Ergonomics and Handling
The first thing people say when I let them play with my GR D IV is how good it feels in the hand, and its true. When I hold the GR (from here on, that’s how I’ll refer to the GR D IV), it just makes me want to take pictures. It’s the same feeling I got when I held the original GR1 in my hand. The grip is firm and natural, and the fingers easily find all the controls and dials and buttons. Because of this comfort and oneness with this photographic tool, the camera almost disappears in our minds, and we focus on taking pictures. This is a good quality for a camera to have, and the engineers at Ricoh have built upon a famous lineage of well designed cameras, beginning with the original GR1 film camera. You can tell this camera was designed by photographers for photographers.
The main power button is recessed in slightly so as not to turn on by accident, and the main top dial won’t turn unless you press the lock button down. In terms of control dials, not only do you have the main front dial by your shutter button finger, you also have the rear toggle next to your thumb. What’s on the other side of your thumb? The well placed exposure compensation toggle. Of course you can change it to some other feature, but I think it’s the best place to put exposure compensation. The entire camera can be customized to your preference, which is great since we all have different preferences. Another wow feature on the GR is th 1.23 million pixel 3″ screen. It’s still class leading, and better than most pro DSLR cameras, and almost triple the resolution of any of the Fuji X series cameras (400K + pixels only). It’s a joy just looking at your images, and with 16x zoom, you can do critical review of focus and resolution on the GR.

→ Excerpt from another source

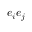Convert formula to latex. <formula><loc_0><loc_0><loc_500><loc_500>e _ { i } e _ { j }</formula> 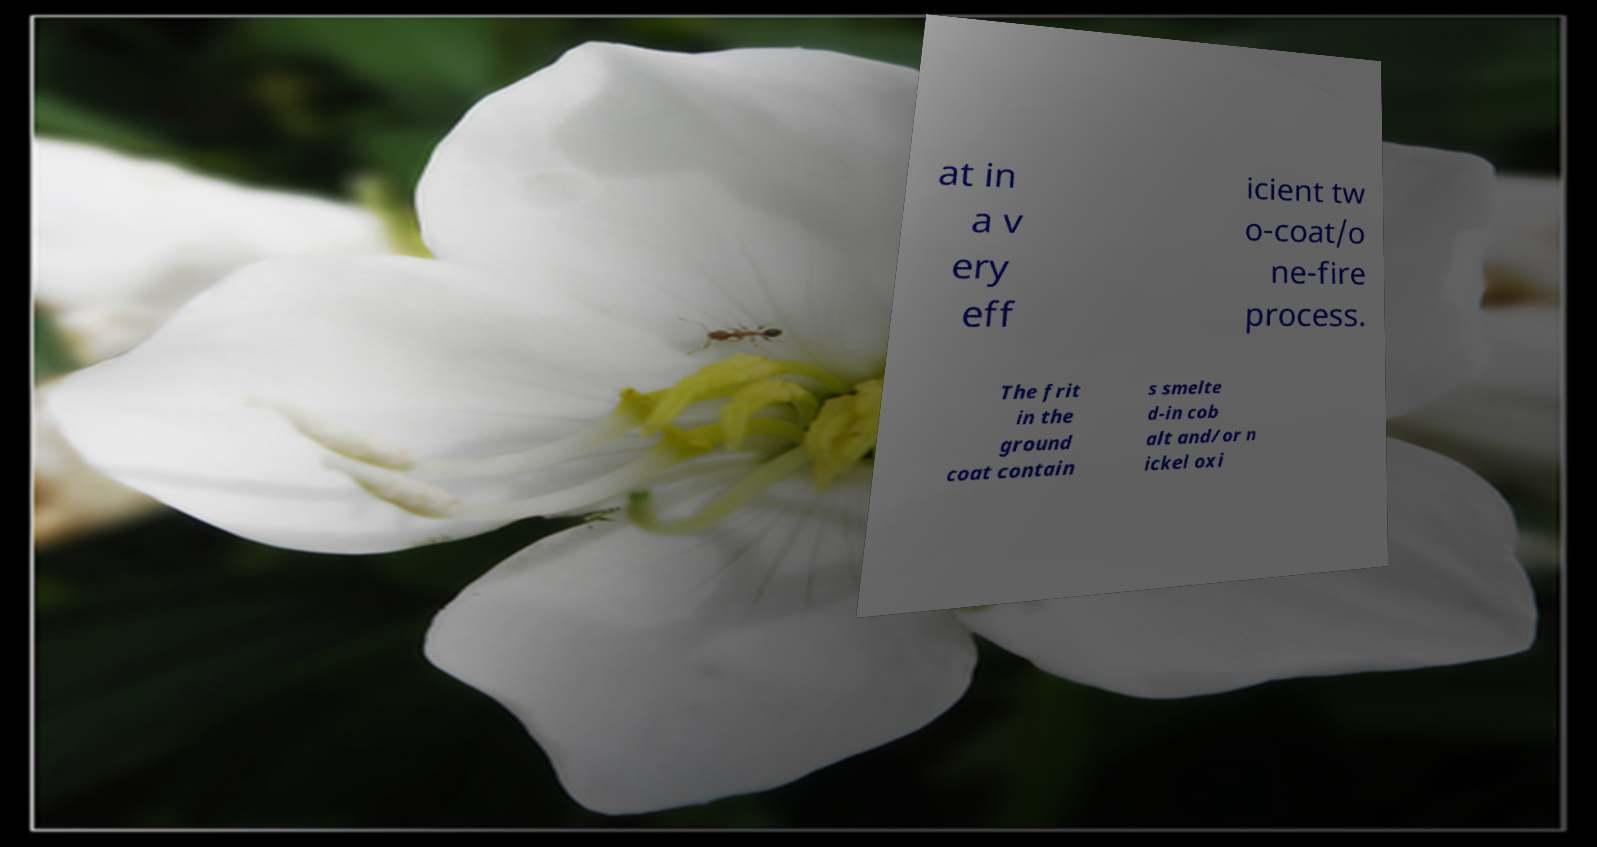I need the written content from this picture converted into text. Can you do that? at in a v ery eff icient tw o-coat/o ne-fire process. The frit in the ground coat contain s smelte d-in cob alt and/or n ickel oxi

The menu system is laid out logically and its easy to read…but it’s long…very long. If you’ve used up all your custom settings, including your two function buttons (although you can get a total of 4 pairs programmed and easily scroll between them for a total of 8 functions), and you have to dig into the menus to find a feature, be prepared to scroll through a long, long menu list. The list is long because the GR has lots and lots of options, but it’s in a single folder, unlike other manufacturers that breaks it up into smaller folders. However, I didn’t find I had to go into the main menu that often, but when I did, it was quite the digging and hunting.
Another unusual behaviour of the GR is the play mode when the camera is turned off. You can view images without turning the camera on by pressing the play button. However, if you do decide to take a picture, you would assume by pressing the shutter button half way, the camera would be ready to take pictures? Nope. You actually have to power down by either pressing and holding the play button, or the main power button, and then turning it back on again. The new GR works exactly the same (this has been fixed in latest firmware for the new GR… just press the shutter button from play mode and you’re ready to shoot), and its irritating. It’s an easy firmware update, and I’m surprised there wasn’t enough complaints on the initial 3 firmware updates on the GR D IV about this.
Another quirk, but this one makes sense is always having to press the menu/ok button after adjusting a feature (exposure comp, focus mode, metering mode, etc.), or else that feature stays on screen, even after you take a picture. This is efficient because if it’s something you’re fiddling with (let’s say it’s ISO or WB), it stays on screen without you having to dig into the menu to find it again, until you’re done with the feature by hitting OK.
I would say the GR is at the top of its class when it comes to ergonomics and handling. Just holding it in your hands makes you want to go out and take pictures, and the customization features really makes the camera your own.
This camera has so many functions and features, it’s mind boggling. It’s a good thing that Ricoh provides a printed manual, because you will be lost without it. I even put quick tabs on the important pages and study the camera while on the bus or when I’m in bed. Yes, there are that many features to go through.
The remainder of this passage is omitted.